(Data items)
-------------------------

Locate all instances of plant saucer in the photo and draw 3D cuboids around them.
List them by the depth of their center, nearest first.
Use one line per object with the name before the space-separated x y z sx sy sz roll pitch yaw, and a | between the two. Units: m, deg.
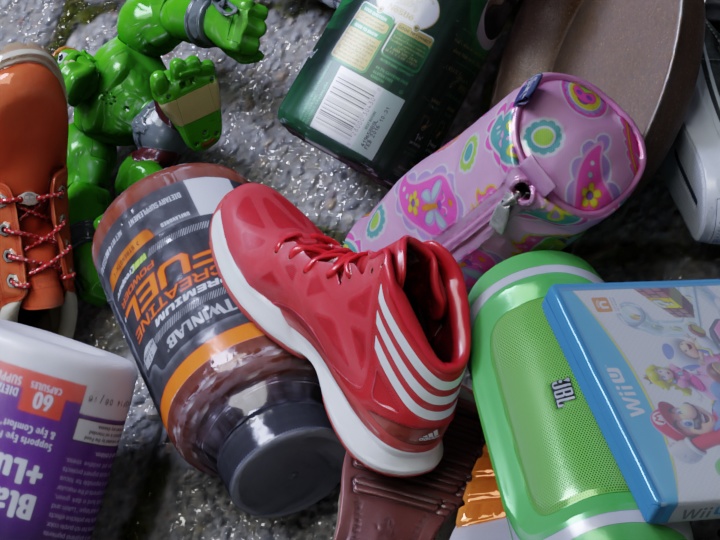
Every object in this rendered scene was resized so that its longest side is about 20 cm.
plant saucer | 0.133 -0.107 1.564 0.200 0.034 0.201 -46 35 45

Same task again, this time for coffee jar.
coffee jar | 0.037 -0.149 1.618 0.085 0.104 0.201 30 92 16

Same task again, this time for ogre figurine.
ogre figurine | -0.133 -0.089 1.702 0.098 0.201 0.120 -3 30 -29

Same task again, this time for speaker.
speaker | 0.106 0.085 1.415 0.088 0.089 0.201 -24 46 11

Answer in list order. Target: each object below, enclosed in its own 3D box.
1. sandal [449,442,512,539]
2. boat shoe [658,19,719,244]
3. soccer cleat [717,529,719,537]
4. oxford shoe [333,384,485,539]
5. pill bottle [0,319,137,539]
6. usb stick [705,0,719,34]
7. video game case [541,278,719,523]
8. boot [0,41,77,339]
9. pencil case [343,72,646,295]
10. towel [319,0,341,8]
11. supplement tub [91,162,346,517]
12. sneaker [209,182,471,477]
sandal | 0.081 0.150 1.458 0.079 0.059 0.207 17 54 24
boat shoe | 0.198 -0.082 1.554 0.070 0.072 0.201 1 43 -10
soccer cleat | 0.201 0.125 1.418 0.201 0.067 0.081 -89 24 -47
oxford shoe | 0.016 0.140 1.500 0.070 0.075 0.200 19 47 10
pill bottle | -0.201 0.132 1.559 0.111 0.111 0.201 16 90 33
usb stick | 0.262 -0.214 1.624 0.055 0.033 0.201 21 72 37
video game case | 0.203 0.060 1.407 0.199 0.018 0.144 -2 47 -25
boot | -0.193 -0.034 1.648 0.075 0.201 0.107 -12 45 -23
pencil case | 0.067 -0.031 1.512 0.200 0.087 0.088 -36 36 54
towel | 0.003 -0.263 1.718 0.165 0.086 0.200 29 78 31
supplement tub | -0.072 0.040 1.581 0.107 0.107 0.200 -32 51 4
sneaker | 0.000 0.000 1.488 0.078 0.116 0.200 -14 54 -39

-------------------------

### YOUR INSTRUCTIONS
Output the entries above verbatim. Omit the images.

### EXERCISE OUTPUT
Locate all instances of plant saucer in the photo and draw 3D cuboids around them.
List them by the depth of their center, nearest first.
Use one line per object with the name before the space-separated x y z sx sy sz roll pitch yaw, and a | between the two. Units: m, deg.
Every object in this rendered scene was resized so that its longest side is about 20 cm.
plant saucer | 0.133 -0.107 1.564 0.200 0.034 0.201 -46 35 45

Same task again, this time for coffee jar.
coffee jar | 0.037 -0.149 1.618 0.085 0.104 0.201 30 92 16

Same task again, this time for ogre figurine.
ogre figurine | -0.133 -0.089 1.702 0.098 0.201 0.120 -3 30 -29

Same task again, this time for speaker.
speaker | 0.106 0.085 1.415 0.088 0.089 0.201 -24 46 11

Answer in list order. Target: each object below, enclosed in its own 3D box.
1. sandal [449,442,512,539]
2. boat shoe [658,19,719,244]
3. soccer cleat [717,529,719,537]
4. oxford shoe [333,384,485,539]
5. pill bottle [0,319,137,539]
6. usb stick [705,0,719,34]
7. video game case [541,278,719,523]
8. boot [0,41,77,339]
9. pencil case [343,72,646,295]
10. towel [319,0,341,8]
11. supplement tub [91,162,346,517]
12. sneaker [209,182,471,477]
sandal | 0.081 0.150 1.458 0.079 0.059 0.207 17 54 24
boat shoe | 0.198 -0.082 1.554 0.070 0.072 0.201 1 43 -10
soccer cleat | 0.201 0.125 1.418 0.201 0.067 0.081 -89 24 -47
oxford shoe | 0.016 0.140 1.500 0.070 0.075 0.200 19 47 10
pill bottle | -0.201 0.132 1.559 0.111 0.111 0.201 16 90 33
usb stick | 0.262 -0.214 1.624 0.055 0.033 0.201 21 72 37
video game case | 0.203 0.060 1.407 0.199 0.018 0.144 -2 47 -25
boot | -0.193 -0.034 1.648 0.075 0.201 0.107 -12 45 -23
pencil case | 0.067 -0.031 1.512 0.200 0.087 0.088 -36 36 54
towel | 0.003 -0.263 1.718 0.165 0.086 0.200 29 78 31
supplement tub | -0.072 0.040 1.581 0.107 0.107 0.200 -32 51 4
sneaker | 0.000 0.000 1.488 0.078 0.116 0.200 -14 54 -39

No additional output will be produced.